- Publicity photo of Barbara Branden
- Born: Barbara Weidman May 14, 1929 Winnipeg, Manitoba, Canada
- Died: December 11, 2013 (aged 84) Los Angeles, California, United States
- Occupation: Writer
- Spouse: Nathaniel Branden (divorced)
- Writing career
- Notable works: The Passion of Ayn Rand Who Is Ayn Rand?
- Website: www.barbarabranden.com

= Barbara Branden =

Canadian writer (1929–2013)

Barbara Joan Branden (née Weidman; May 14, 1929 – December 11, 2013) was a Canadian-American writer, editor, and lecturer, known for her relationship and subsequent break with novelist-philosopher Ayn Rand.

==Life==
Born in Winnipeg, Barbara Weidman met Nathaniel Branden because of their mutual interest in Ayn Rand's works. They became personal friends of Rand in 1950, and when they married in 1953, Rand and her husband, Frank O'Connor, served as the matron of honor and best man. She earned her M.A. in philosophy, and authored a thesis on free will, under the direction of Sidney Hook at New York University. Nathaniel and Barbara Branden became founding members of an Objectivist movement that sought to advance Rand's ideas.

In 1954, Nathaniel Branden began a secret romantic affair with Rand with the reluctant permission of both spouses. This relationship continued for three years. While their respective spouses, Barbara Branden and Frank O'Connor, had knowledge of the affair and nominally accepted it, Branden later said it led to "years of pain" and "enormous harm", describing it as a "sacrifice".

Barbara and Nathaniel Branden co-wrote Who Is Ayn Rand? in 1962. Barbara Branden's essay in the book was the first biography of Rand. When it was written, Rand considered Barbara Branden to be one of the most important proponents of Objectivism.
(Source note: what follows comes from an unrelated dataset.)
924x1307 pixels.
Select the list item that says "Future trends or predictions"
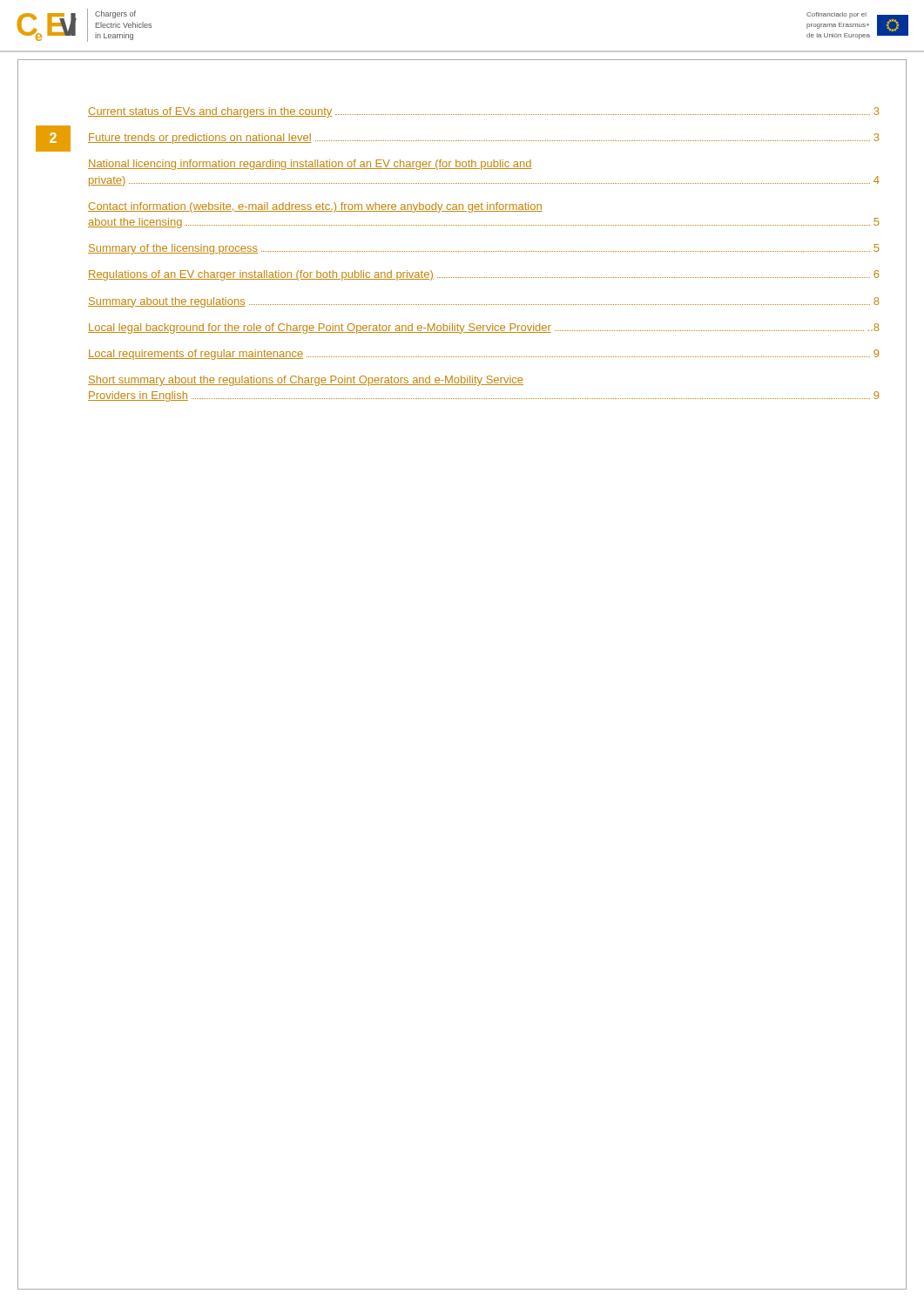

She served as the executive director of the Nathaniel Branden Institute, and gave a series of lectures on "Principles of Efficient Thinking."

In 1968, when Rand terminated her association with Nathaniel Branden after she discovered that he had become involved with actress Patrecia Scott more than four years earlier, she likewise disassociated herself from Barbara Branden for keeping this fact from her. The details of these events remain controversial.

In 1986, Barbara Branden published another biography of Rand, The Passion of Ayn Rand. The book, written after Rand's death in 1982, caused a rift among Rand's followers because it not only stated that Rand and Nathaniel Branden had been lovers, but that Rand had broken with them when she learned of his affair with Scott. Rand had previously claimed that the friendship broke up over other matters, but letters in her estate confirmed Barbara Branden's version of the cause. The book was made into an Emmy Award-winning motion picture in 1999 starring Helen Mirren as Rand, Eric Stoltz as Branden and Julie Delpy playing Barbara.

She contributed the lead essay "Ayn Rand: The Reluctant Feminist" to the anthology Feminist Interpretations of Ayn Rand, wherein she argued that the way Rand lived her life made it a feminist manifesto, even as Rand had disagreements with feminism. Barbara Branden was estranged from her cousin Leonard Peikoff, Rand's chosen intellectual and legal heir after Rand's break with Nathaniel Branden.

Barbara Branden died of a lung infection in Los Angeles on December 11, 2013. Branden had no children.

==Works==
- Books
- Branden, Barbara (1964). "Who is Ayn Rand?"
- Branden, Barbara (1986). "The Passion of Ayn Rand"
- Branden, Barbara (2017). "Think as if Your Life Depends on It: Principles of Efficient Thinking and Other Lectures"

- Lecture course
- Branden, Barbara (2007). Principles of Efficient Thinking (10 lectures). Reissued on 19 CDs.